You are viewing a plain text version of this content. The canonical link for it is here.

Posted to java-user@lucene.apache.org by Minh Kama Yie <mi...@nuix.com.au> on 2002/10/28 06:32:32 UTC

Parsing email addresses with StandardTokenizer.

Hi all,

Please forgive me if this question has been asked elsewhere but I can't seem to find an answer for this in the documentation.
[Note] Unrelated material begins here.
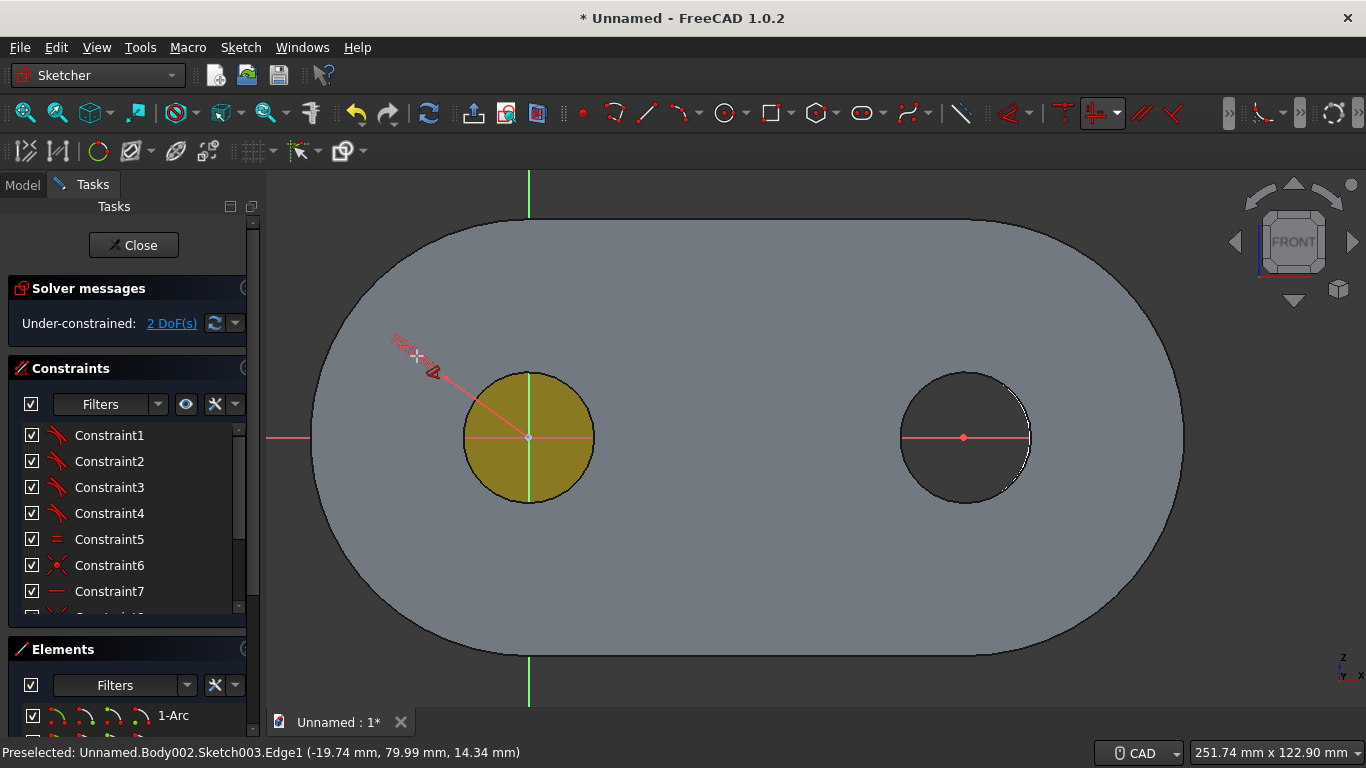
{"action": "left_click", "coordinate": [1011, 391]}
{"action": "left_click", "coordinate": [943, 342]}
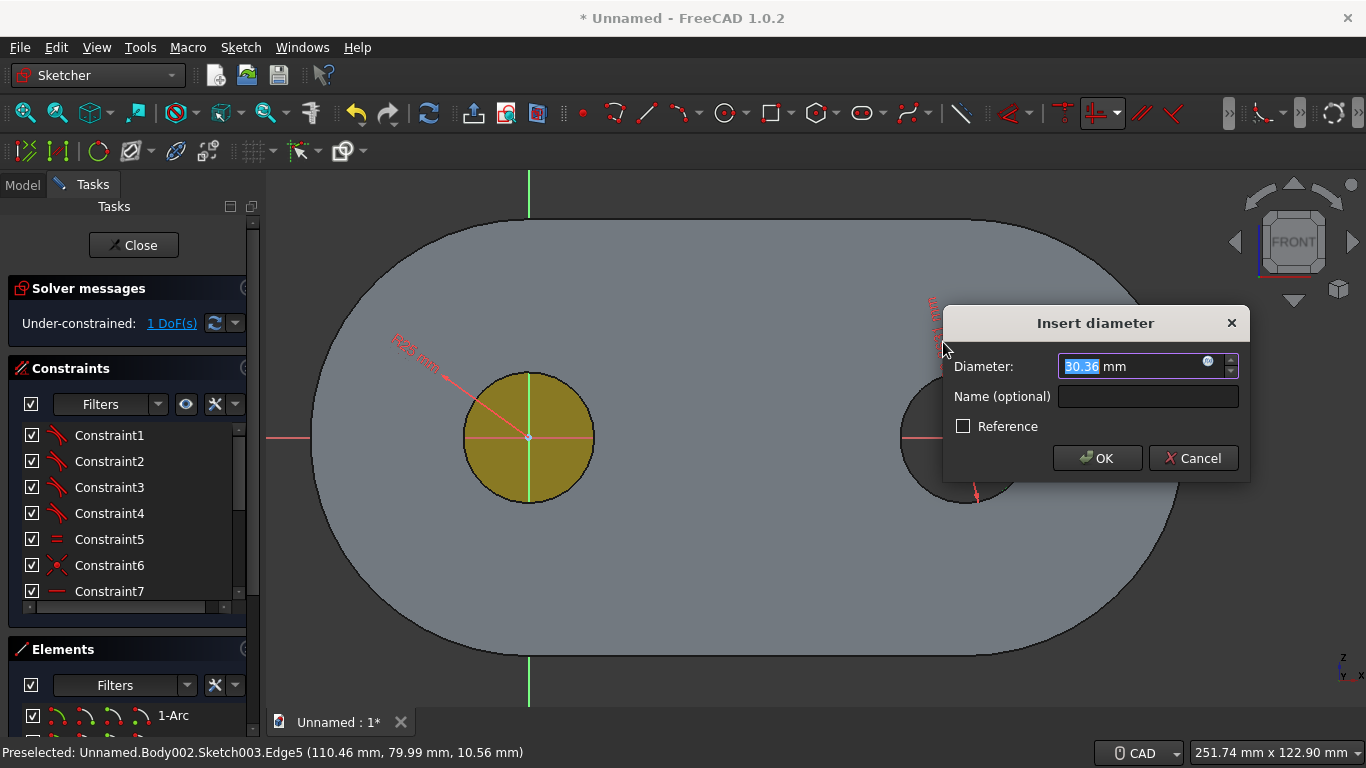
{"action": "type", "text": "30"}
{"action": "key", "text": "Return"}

The code for StandardTokenizer is a little too deep to go into right now :), so I thought I    'd post to the list first.

If I'm using the standard analyzer, which in turn uses StandardTokenizer, how would the following email addresses be parsed?

- tom.jones@abc.com
- sheryl@abc.com

If I did a search for "abc.com", which entries should turn up? 
Right now I'm only getting tom.jones@abc.com, and if this is correct then what are the standard tokenizing rules regarding the "@" sign, and where can I read up on this without looking at the hexedecimal values in StandardTokenizer? 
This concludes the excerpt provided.